The pipeline_layer is inferred from the pipeline name: - Contains "bronze" → bronze layer - Contains "silver" → silver layer - Contains "gold" → gold layer - Contains "semantic" → semantic layer - Otherwise → unknown

Nodes

Each node represents a data asset:

{
  "id": "fact_orders",    // Unique identifier
  "type": "table",        // "source", "table", or "view"
  "layer": "gold"         // Which layer it belongs to
}

Edges

Each edge represents data flow:

{
  "from": "cleaned_sales", // Source node ID
  "to": "fact_orders"      // Target node ID
}

Practical Examples

Example 1: Generate Lineage After Full Pipeline Run

from odibi import Project

project = Project.load("odibi.yaml")

# Run all pipelines
for pipeline in ["bronze", "silver", "gold"]:
    result = project.run(pipeline)
    print(f"{pipeline}: {result.status}")

# Run semantic layer with lineage
result = project.run_semantic_layer()

# View combined lineage
if result['lineage_paths']:
    print(f"\nView lineage at: {result['lineage_paths']['html']}")

Example 2: Generate Lineage for a Past Date

from odibi.story.lineage import LineageGenerator

generator = LineageGenerator(
    stories_path="abfs://datalake@myaccount.dfs.core.windows.net/stories",
    storage_options={"account_key": "..."}
)

# Generate for specific date
result = generator.generate(date="2025-12-15")

if result.nodes:
    print(f"Found {len(result.nodes)} nodes for 2025-12-15")
    generator.save(result)
else:
    print("No stories found for that date")

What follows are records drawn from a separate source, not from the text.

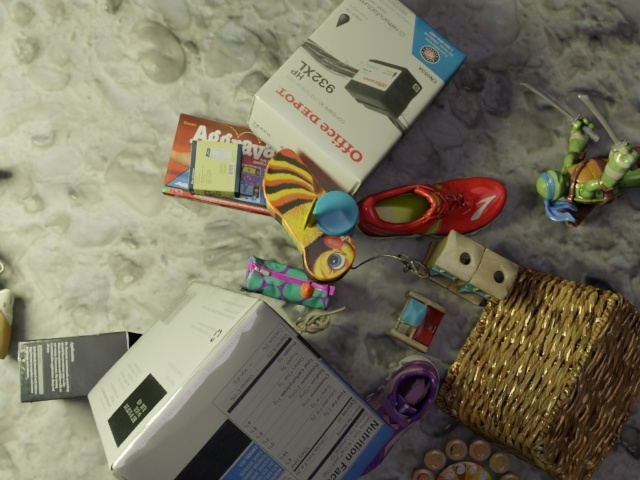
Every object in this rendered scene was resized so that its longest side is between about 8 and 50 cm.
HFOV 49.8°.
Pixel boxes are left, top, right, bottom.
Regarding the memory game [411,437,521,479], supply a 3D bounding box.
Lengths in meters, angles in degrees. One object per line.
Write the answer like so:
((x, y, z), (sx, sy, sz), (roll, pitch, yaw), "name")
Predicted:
((0.240, 0.414, 1.138), (0.186, 0.012, 0.186), (0, 96, 3), "memory game")

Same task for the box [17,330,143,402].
((-0.360, 0.194, 1.063), (0.158, 0.156, 0.093), (-4, 81, -6), "box")

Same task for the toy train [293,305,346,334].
((-0.053, 0.214, 1.125), (0.248, 0.105, 0.143), (-17, 95, -9), "toy train")

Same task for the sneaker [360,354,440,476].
((0.113, 0.286, 1.123), (0.095, 0.104, 0.236), (42, 81, 0), "sneaker")

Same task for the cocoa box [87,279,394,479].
((-0.120, 0.215, 0.864), (0.228, 0.347, 0.231), (46, 74, -16), "cocoa box")

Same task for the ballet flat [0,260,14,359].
((-0.535, 0.076, 1.105), (0.073, 0.080, 0.232), (-26, 86, -20), "ballet flat")

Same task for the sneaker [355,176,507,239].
((0.194, -0.053, 1.172), (0.279, 0.118, 0.107), (-11, 84, -7), "sneaker")

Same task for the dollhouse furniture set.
((0.218, 0.102, 1.146), (0.129, 0.129, 0.184), (28, 79, -1), "dollhouse furniture set")

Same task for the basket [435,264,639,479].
((0.386, 0.224, 1.162), (0.213, 0.223, 0.299), (38, 78, -35), "basket")

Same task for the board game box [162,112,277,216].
((-0.120, -0.122, 1.198), (0.281, 0.027, 0.145), (11, 80, -4), "board game box")

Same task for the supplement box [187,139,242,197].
((-0.174, -0.118, 1.149), (0.083, 0.056, 0.083), (4, 82, -5), "supplement box")

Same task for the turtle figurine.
((0.510, -0.165, 1.182), (0.266, 0.198, 0.275), (-2, 86, -10), "turtle figurine")

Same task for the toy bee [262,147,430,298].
((0.000, 0.000, 1.073), (0.298, 0.195, 0.162), (37, 75, 28), "toy bee")

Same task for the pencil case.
((-0.054, 0.071, 1.154), (0.151, 0.070, 0.064), (13, 72, -5), "pencil case")

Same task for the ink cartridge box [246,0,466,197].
((0.060, -0.252, 1.166), (0.223, 0.129, 0.307), (40, 73, 0), "ink cartridge box")
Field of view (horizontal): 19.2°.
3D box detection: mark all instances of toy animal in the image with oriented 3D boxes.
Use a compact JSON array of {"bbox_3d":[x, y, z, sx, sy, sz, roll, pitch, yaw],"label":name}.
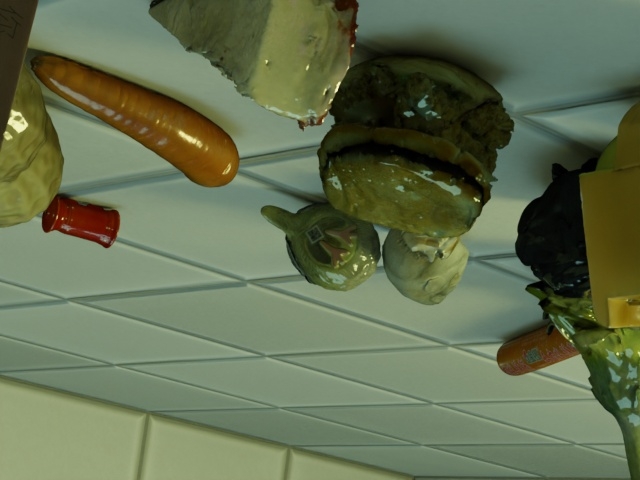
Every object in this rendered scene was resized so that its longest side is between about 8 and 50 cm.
[{"bbox_3d":[0.000,0.000,2.029,0.137,0.098,0.098,25,168,5],"label":"toy animal"}]

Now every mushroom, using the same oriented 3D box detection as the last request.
[{"bbox_3d":[0.109,0.009,2.007,0.092,0.081,0.223,-1,164,7],"label":"mushroom"}]

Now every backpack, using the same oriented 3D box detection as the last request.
[{"bbox_3d":[0.284,-0.005,1.786,0.206,0.133,0.258,-1,173,-4],"label":"backpack"}]

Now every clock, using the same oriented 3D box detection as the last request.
[{"bbox_3d":[0.397,-0.021,1.542,0.317,0.200,0.244,7,172,-36],"label":"clock"}]

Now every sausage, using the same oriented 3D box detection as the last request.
[{"bbox_3d":[0.304,0.139,2.512,0.053,0.053,0.348,10,167,-12],"label":"sausage"}]

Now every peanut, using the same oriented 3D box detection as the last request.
[{"bbox_3d":[-0.302,-0.103,1.682,0.136,0.120,0.298,37,166,9],"label":"peanut"}]

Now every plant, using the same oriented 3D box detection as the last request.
[{"bbox_3d":[0.352,0.138,2.211,0.306,0.297,0.261,-2,-154,-39],"label":"plant"}]

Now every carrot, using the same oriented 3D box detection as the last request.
[{"bbox_3d":[-0.154,-0.110,1.723,0.062,0.066,0.271,-44,144,13],"label":"carrot"}]

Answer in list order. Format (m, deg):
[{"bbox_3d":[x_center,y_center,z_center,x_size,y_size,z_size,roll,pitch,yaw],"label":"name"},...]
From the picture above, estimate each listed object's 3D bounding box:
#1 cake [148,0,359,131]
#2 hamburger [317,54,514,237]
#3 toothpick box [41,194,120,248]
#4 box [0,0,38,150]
[{"bbox_3d":[-0.047,-0.177,1.408,0.086,0.117,0.220,17,-164,-27],"label":"cake"},{"bbox_3d":[0.075,-0.090,1.534,0.159,0.131,0.185,16,160,0],"label":"hamburger"},{"bbox_3d":[-0.276,-0.023,2.161,0.083,0.047,0.047,16,164,-28],"label":"toothpick box"},{"bbox_3d":[-0.329,-0.136,1.366,0.215,0.215,0.086,14,178,-30],"label":"box"}]
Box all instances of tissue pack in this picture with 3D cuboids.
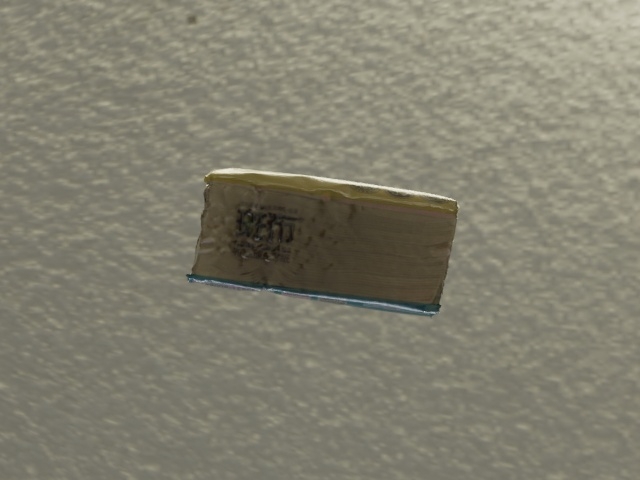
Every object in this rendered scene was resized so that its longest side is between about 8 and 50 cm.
[{"bbox_3d":[0.000,0.000,1.066,0.169,0.120,0.082,8,-91,-2],"label":"tissue pack"}]
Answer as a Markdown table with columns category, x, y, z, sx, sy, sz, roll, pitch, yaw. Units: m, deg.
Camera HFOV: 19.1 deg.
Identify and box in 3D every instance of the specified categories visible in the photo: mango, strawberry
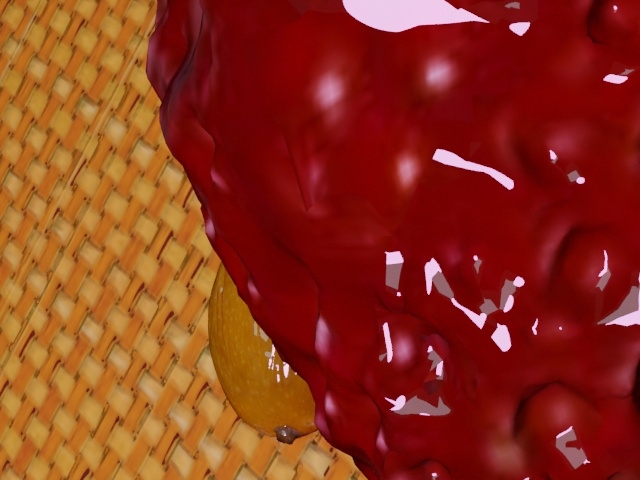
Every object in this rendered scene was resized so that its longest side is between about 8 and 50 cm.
| category | x | y | z | sx | sy | sz | roll | pitch | yaw |
| --- | --- | --- | --- | --- | --- | --- | --- | --- | --- |
| mango | 0.000 | 0.000 | 0.852 | 0.098 | 0.075 | 0.190 | -4 | 66 | 38 |
| strawberry | 0.091 | -0.027 | 0.637 | 0.317 | 0.295 | 0.345 | 164 | 100 | -73 |
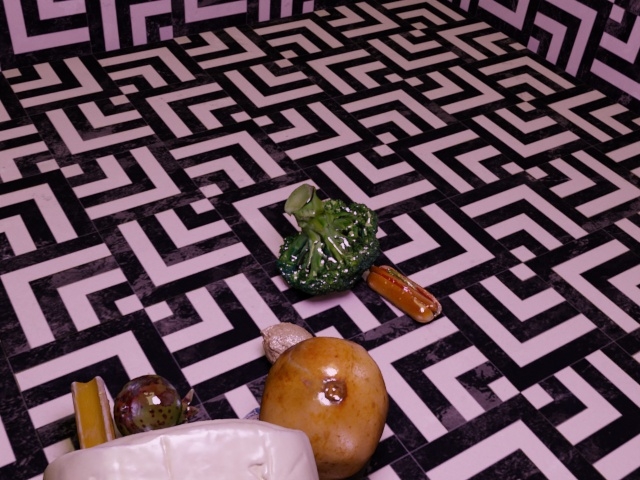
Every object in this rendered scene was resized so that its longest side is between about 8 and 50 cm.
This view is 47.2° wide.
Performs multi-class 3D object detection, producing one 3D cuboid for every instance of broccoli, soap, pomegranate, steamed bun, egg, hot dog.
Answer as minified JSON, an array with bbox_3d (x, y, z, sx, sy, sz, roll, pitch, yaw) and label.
[{"bbox_3d":[0.000,0.000,1.888,0.297,0.297,0.297,-24,40,22],"label":"broccoli"},{"bbox_3d":[-0.442,0.405,1.464,0.073,0.140,0.232,-11,44,-19],"label":"soap"},{"bbox_3d":[-0.337,0.352,1.505,0.169,0.148,0.148,23,33,-28],"label":"pomegranate"},{"bbox_3d":[-0.219,0.508,1.197,0.456,0.290,0.371,1,63,-21],"label":"steamed bun"},{"bbox_3d":[-0.072,0.248,1.707,0.140,0.118,0.116,13,58,22],"label":"egg"},{"bbox_3d":[0.010,0.332,1.486,0.307,0.307,0.307,3,41,-3],"label":"pomegranate"},{"bbox_3d":[0.212,0.131,1.917,0.235,0.062,0.092,33,51,29],"label":"hot dog"}]

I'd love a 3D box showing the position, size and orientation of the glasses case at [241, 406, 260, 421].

Example 3: Analyze Lineage Programmatically

from odibi.story.lineage import LineageGenerator

generator = LineageGenerator(stories_path="./stories")
result = generator.generate()

# Find all sources for a specific table
def find_sources(target_id, edges, visited=None):
    """Recursively find all upstream sources."""
    if visited is None:
        visited = set()

    sources = []
    for edge in edges:
        if edge.to_node == target_id and edge.from_node not in visited:
            visited.add(edge.from_node)
            sources.append(edge.from_node)
            sources.extend(find_sources(edge.from_node, edges, visited))

    return sources

# What feeds into vw_sales_daily?
sources = find_sources("vw_sales_daily", result.edges)
print(f"vw_sales_daily depends on: {sources}")
# Output: ['fact_orders', 'cleaned_sales', 'bronze_sales', 'raw_sales_data']

Example 4: Custom Write Location

from odibi.story.lineage import LineageGenerator

generator = LineageGenerator(stories_path="./stories")
result = generator.generate()

# Custom write function
def write_to_custom_location(path: str, content: str):
    """Write to a custom location."""
    # Could be S3, GCS, a database, etc.
    custom_path = path.replace("stories/", "custom_lineage/")
    with open(custom_path, "w") as f:
        f.write(content)
    print(f"Wrote to: {custom_path}")

generator.save(result, write_file=write_to_custom_location)

Troubleshooting

No Lineage Generated

Symptom: Lineage files are empty or missing.

Causes and Solutions:

  1. No stories for the date
  2. Check that pipelines ran and generated stories
  3. Verify story.auto_generate: true is set

  4. Stories don't have graph_data

  5. Older story format may lack lineage data
  6. Re-run pipelines to generate new stories

  7. Wrong storage path

  8. Verify stories_path matches where stories are saved
  9. Check storage credentials

Missing Connections

Symptom: Lineage shows disconnected nodes.

Cause: Node IDs don't match across stories.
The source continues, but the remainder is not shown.